**ABOUT THIS TASK**
Set down the entries below exactly; drop the pictures.

[Stored data]
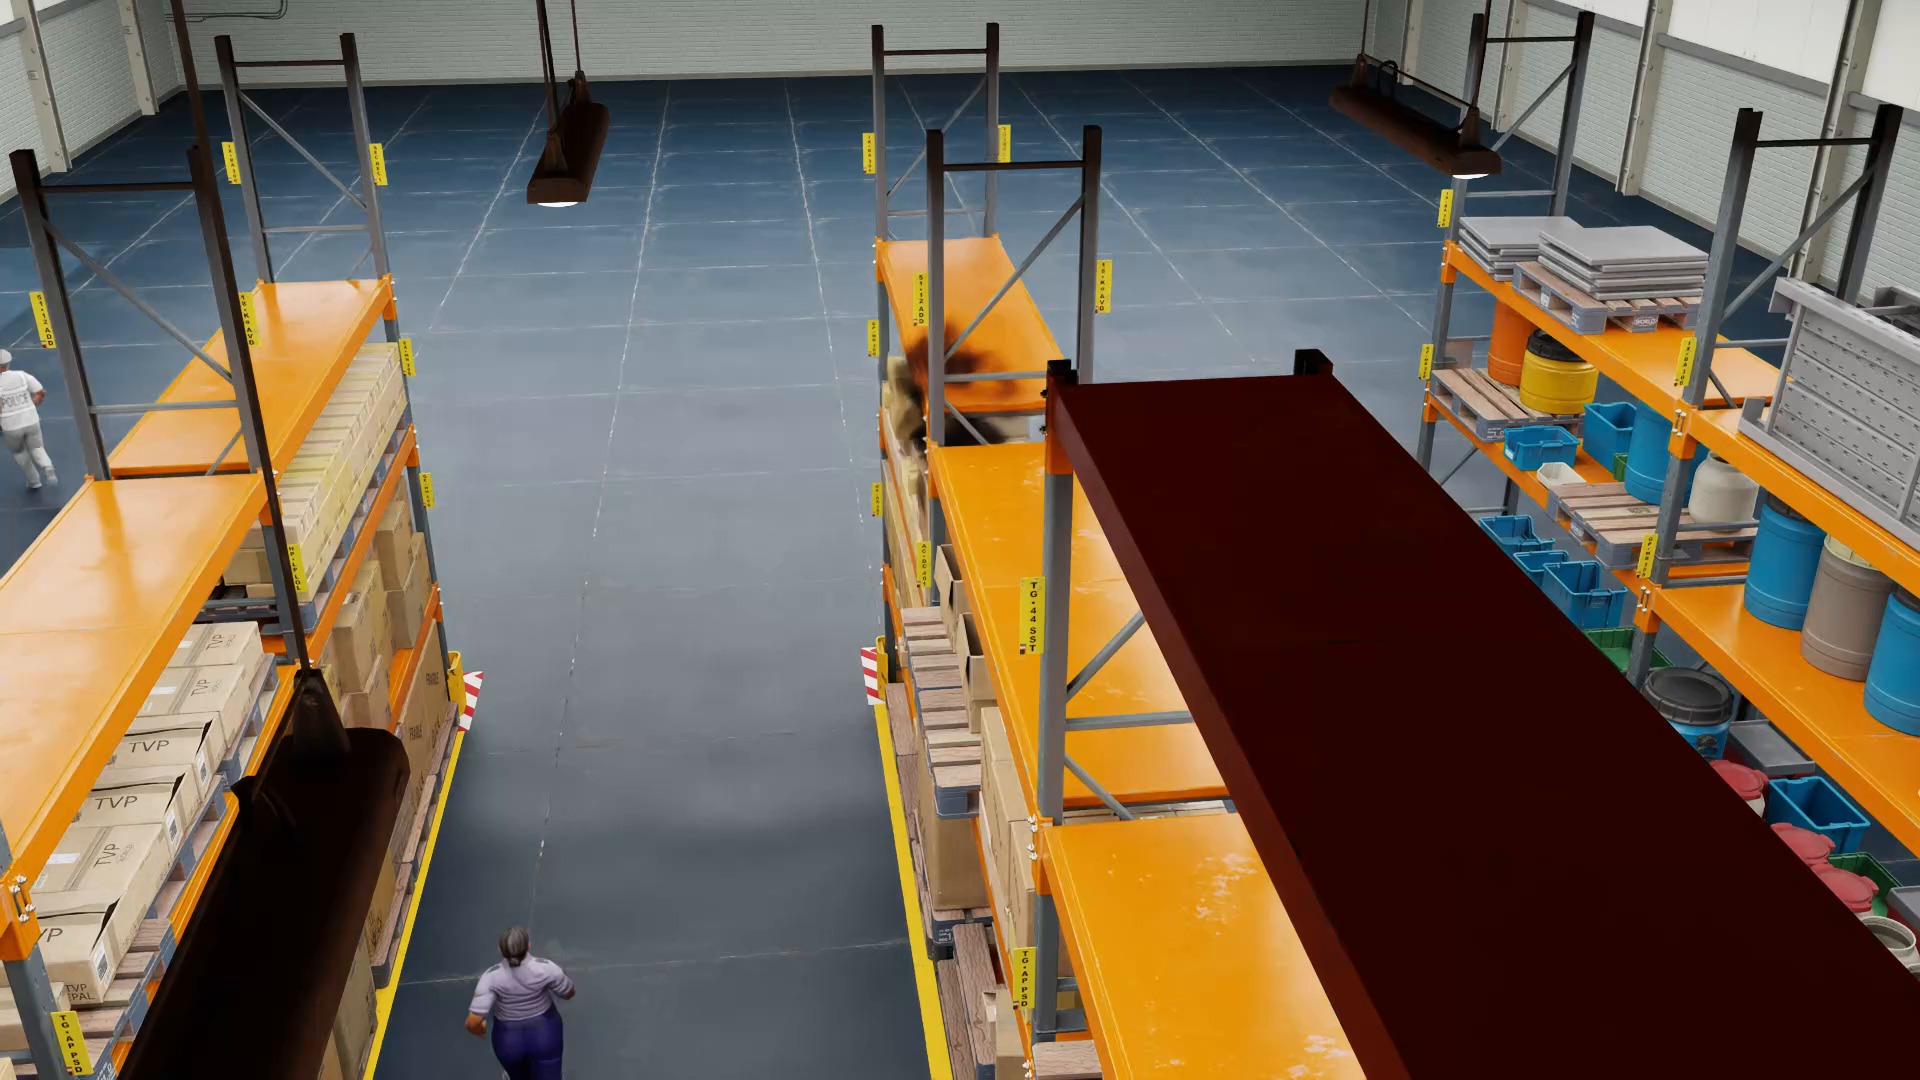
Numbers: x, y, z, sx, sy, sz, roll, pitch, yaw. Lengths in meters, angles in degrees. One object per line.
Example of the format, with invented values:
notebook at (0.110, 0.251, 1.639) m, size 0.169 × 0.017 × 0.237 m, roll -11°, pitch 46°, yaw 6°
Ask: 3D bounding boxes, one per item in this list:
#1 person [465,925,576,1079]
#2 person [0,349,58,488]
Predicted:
person at (-2.539, 2.943, 9.781) m, size 0.607 × 1.689 × 0.886 m, roll -5°, pitch 26°, yaw -10°
person at (-10.920, -1.341, 19.328) m, size 0.826 × 1.765 × 0.688 m, roll 21°, pitch 33°, yaw 37°

**WRITTEN RESPONSE**
Numbers: x, y, z, sx, sy, sz, roll, pitch, yaw. Lengths in meters, angles in degrees. One object per line.
Example of the format, with invented values:
notebook at (0.110, 0.251, 1.639) m, size 0.169 × 0.017 × 0.237 m, roll -11°, pitch 46°, yaw 6°
Ask: 3D bounding boxes, one per item in this list:
#1 person [465,925,576,1079]
#2 person [0,349,58,488]
Predicted:
person at (-2.539, 2.943, 9.781) m, size 0.607 × 1.689 × 0.886 m, roll -5°, pitch 26°, yaw -10°
person at (-10.920, -1.341, 19.328) m, size 0.826 × 1.765 × 0.688 m, roll 21°, pitch 33°, yaw 37°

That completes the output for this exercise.